Ask Me Help Desk - Linear relationships

1.Find the coordinates of the point where the line 2y=x-4 cuts the x axis.
Find the equation of the straight line through this point and (-1,10)

Are the coordinates and the equation of this question connected? I have done this exercise few months ago but I have forgotten everything. Some explaining would be nice.. :)

2.Find the coordinates of the point where the line 2y=-x+6 cuts the x axis.
Find the equation of the straight line through this point and the point (8,8)

3.If f(x)=2x+10 and g(x)=x^2-3x-4
Find
a.f(2)+g(2)

b.f(x)+g(x)

c.f(2x)+g(2x)

d. the values of p for which g(p)=0

e.The values of q for which f(q)=g(q)

Thx in advance :)

Quote:

1.Find the coordinates of the point where the line 2y=x-4 cuts the x axis.
Find the equation of the straight line through this point and (-1,10)

Are the coordinates and the equation of this question connected? I have done this exercise few months ago but i have forgotten everything. Some explaining would be nice..

The point where a line cuts the x-axis is the point where x = 0 (because x = 0 at the x-axis). All you need to do is replace "x" in your equation with "0" and solve for y.

Taking the point (0,y) you solved for, create an equation for the line.

$slope = \frac {\delta Y}{\delta X} = \frac {10-y}{-1-0} = y-10$

The standard slope-intercept form of a line is "Y=mX + b" where "m" is the slope and "b" is the y-intercept. Plug in the slope into the line:

$Y=(y-10)X + b$ Remember that the "y" was solved for above.

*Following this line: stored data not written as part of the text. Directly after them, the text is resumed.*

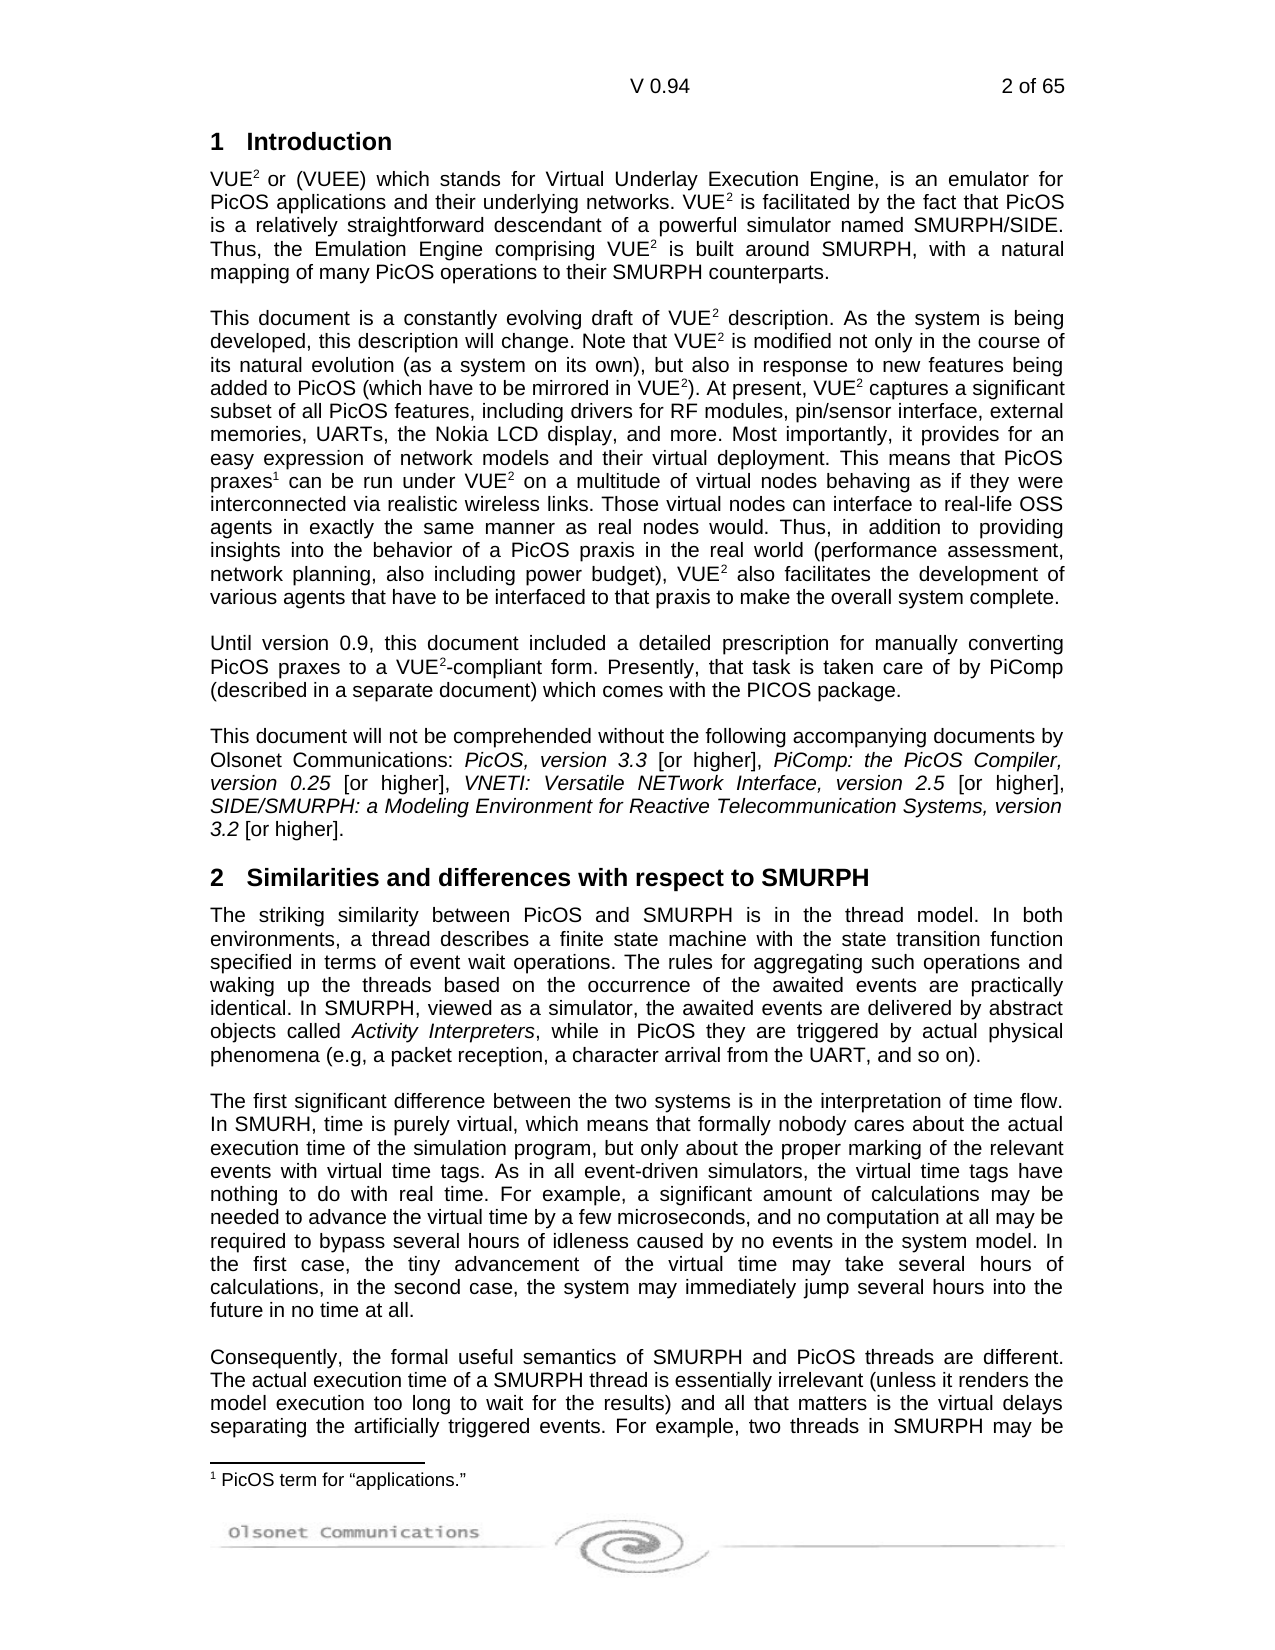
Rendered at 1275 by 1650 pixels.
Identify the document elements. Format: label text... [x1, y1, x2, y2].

text VUE2 or (VUEE) which stands for Virtual Underlay Execution Engine, is an emulator for PicOS applications and their underlying networks. VUE2 is facilitated by the fact that PicOS is a relatively straightforward descendant of a powerful simulator named SMURPH/SIDE. Thus, the Emulation Engine comprising VUE2 is built around SMURPH, with a natural mapping of many PicOS operations to their SMURPH counterparts. [210, 167, 1065, 283]
text Until version 0.9, this document included a detailed prescription for manually converting PicOS praxes to a VUE2-compliant form. Presently, that task is taken care of by PiComp (described in a separate document) which comes with the PICOS package. [210, 632, 1065, 702]
text The striking similarity between PicOS and SMURPH is in the thread model. In both environments, a thread describes a finite state machine with the state transition function specified in terms of event wait operations. The rules for aggregating such operations and waking up the threads based on the occurrence of the awaited events are practically identical. In SMURPH, viewed as a simulator, the awaited events are delivered by abstract objects called Activity Interpreters, while in PicOS they are triggered by actual physical phenomena (e.g, a packet reception, a character arrival from the UART, and so on). [210, 904, 1065, 1067]
picture [210, 1504, 1065, 1596]
subtitle Similarities and differences with respect to SMURPH [210, 864, 1065, 892]
text The first significant difference between the two systems is in the interpretation of time flow. In SMURH, time is purely virtual, which means that formally nobody cares about the actual execution time of the simulation program, but only about the proper marking of the relevant events with virtual time tags. As in all event-driven simulators, the virtual time tags have nothing to do with real time. For example, a significant amount of calculations may be needed to advance the virtual time by a few microseconds, and no computation at all may be required to bypass several hours of idleness caused by no events in the system model. In the first case, the tiny advancement of the virtual time may take several hours of calculations, in the second case, the system may immediately jump several hours into the future in no time at all. [210, 1090, 1065, 1322]
text This document will not be comprehended without the following accompanying documents by Olsonet Communications: PicOS, version 3.3 [or higher], PiComp: the PicOS Compiler, version 0.25 [or higher], VNETI: Versatile NETwork Interface, version 2.5 [or higher], SIDE/SMURPH: a Modeling Environment for Reactive Telecommunication Systems, version 3.2 [or higher]. [210, 725, 1065, 841]
text Consequently, the formal useful semantics of SMURPH and PicOS threads are different. The actual execution time of a SMURPH thread is essentially irrelevant (unless it renders the model execution too long to wait for the results) and all that matters is the virtual delays separating the artificially triggered events. For example, two threads in SMURPH may be [210, 1345, 1065, 1438]
subtitle Introduction [210, 128, 1065, 156]
text PicOS term for “applications.” [210, 1469, 1065, 1490]
text This document is a constantly evolving draft of VUE2 description. As the system is being developed, this description will change. Note that VUE2 is modified not only in the course of its natural evolution (as a system on its own), but also in response to new features being added to PicOS (which have to be mirrored in VUE2). At present, VUE2 captures a significant subset of all PicOS features, including drivers for RF modules, pin/sensor interface, external memories, UARTs, the Nokia LCD display, and more. Most importantly, it provides for an easy expression of network models and their virtual deployment. This means that PicOS praxes can be run under VUE2 on a multitude of virtual nodes behaving as if they were interconnected via realistic wireless links. Those virtual nodes can interface to real-life OSS agents in exactly the same manner as real nodes would. Thus, in addition to providing insights into the behavior of a PicOS praxis in the real world (performance assessment, network planning, also including power budget), VUE2 also facilitates the development of various agents that have to be interfaced to that praxis to make the overall system complete. [210, 307, 1065, 609]

Enter one point, say (-1,10), for X and Y and solve for b.

Quote:

2.Find the coordinates of the point where the line 2y=-x+6 cuts the x axis.
Find the equation of the straight line through this point and the point (8,8)

This is done exactly the same way as #1. The value of "x" is 0 at the point where a line cuts the x-axis (the x-intercept).

Quote:

3.If f(x)=2x+10 and g(x)=x^2-3x-4, Find

a.f(2)+g(2)
b.f(x)+g(x)
c.f(2x)+g(2x)
d. the values of p for which g(p)=0
e.The values of q for which f(q)=g(q)

$f(x) = 2x+10$ therefore $f(2) = 2 \times 2 +10 = 14$
$g(x)=x^2-3x-4$ therefore $g(2) = 2^2-3 \cdot 2-4=-6$

The others are straight-forward. Give them a try. If you have trouble, post back with what you've done and I'll help you more.

1. You firstly have to find the point of intersection of your line with the x axis Now, find the gradient of the line that passes through the point you just found, and the given point. With the gradient and at least a point on the line, you can easily find the equation of that line.

2. Same as for 1.

3.

a. Find f(2) by replacing x by 2 in f(x) and g(2) by replacing x by two in the given g(x). Then, add both values.

b. Just add these two functions. (2x+10)+(x^2-3x-4)

c. Same as for a. but putting 2x instead of 2.

d. Replace x by p in g(x), and set that expression to zero. Solve for p by factorising.

e. Replace q in f(x) and g(x) and equate the two expressions.

Hope it helped! :) If you still have difficulties, don't hesitate to post a reply!

for question 3c.
I managed to get
4+20+2x^2-6-8=2x^2-2x+6
but the answers at the back of the book is 4x^2-2x+6
can u explain how do get 4x^2?

I still don't get how to get 3d and 3e. :(

Quote:

for question 3c, I managed to get

4+20+2x^2-6-8=2x^2-2x+6

but the answers at the back of the book is 4x^2-2x+6
can u explain how do get 4x^2?

I still don't understand 3d and 3e.

3c.
$f(x)=2x+10\,and\, g(x)=x^2-3x-4$

$f(2x) = 2(2x) + 10=4x+10$

$g(2x) = (2x)^2-3(2x)-4=4x^2-6x-4$

$f(2x)+g(2x)=(4x+10)+(4x^2-6x-4)=4x^2-2x+6$

3d. The values of p for which g(p)=0

$g(p)=p^2-3p-4=0$ This can be factored to give

$(p-4)(p+1)=0$ and the roots of this equation are p=4 and p=-1. These are the values that are requested.

3e.The values of q for which f(q)=g(q)

$f(q)=2q+10 = g(q)=q^2-3q-4$ because f(q)=g(q)

$2q+10 =q^2-3q-4$ which can be rearranged and factored to give

$q^2-5q-14=(q-7)(q+2)=0$

The roots of the equation are q=7 and q=-2. Therefore, these are the values of q for which f(q) = g(q).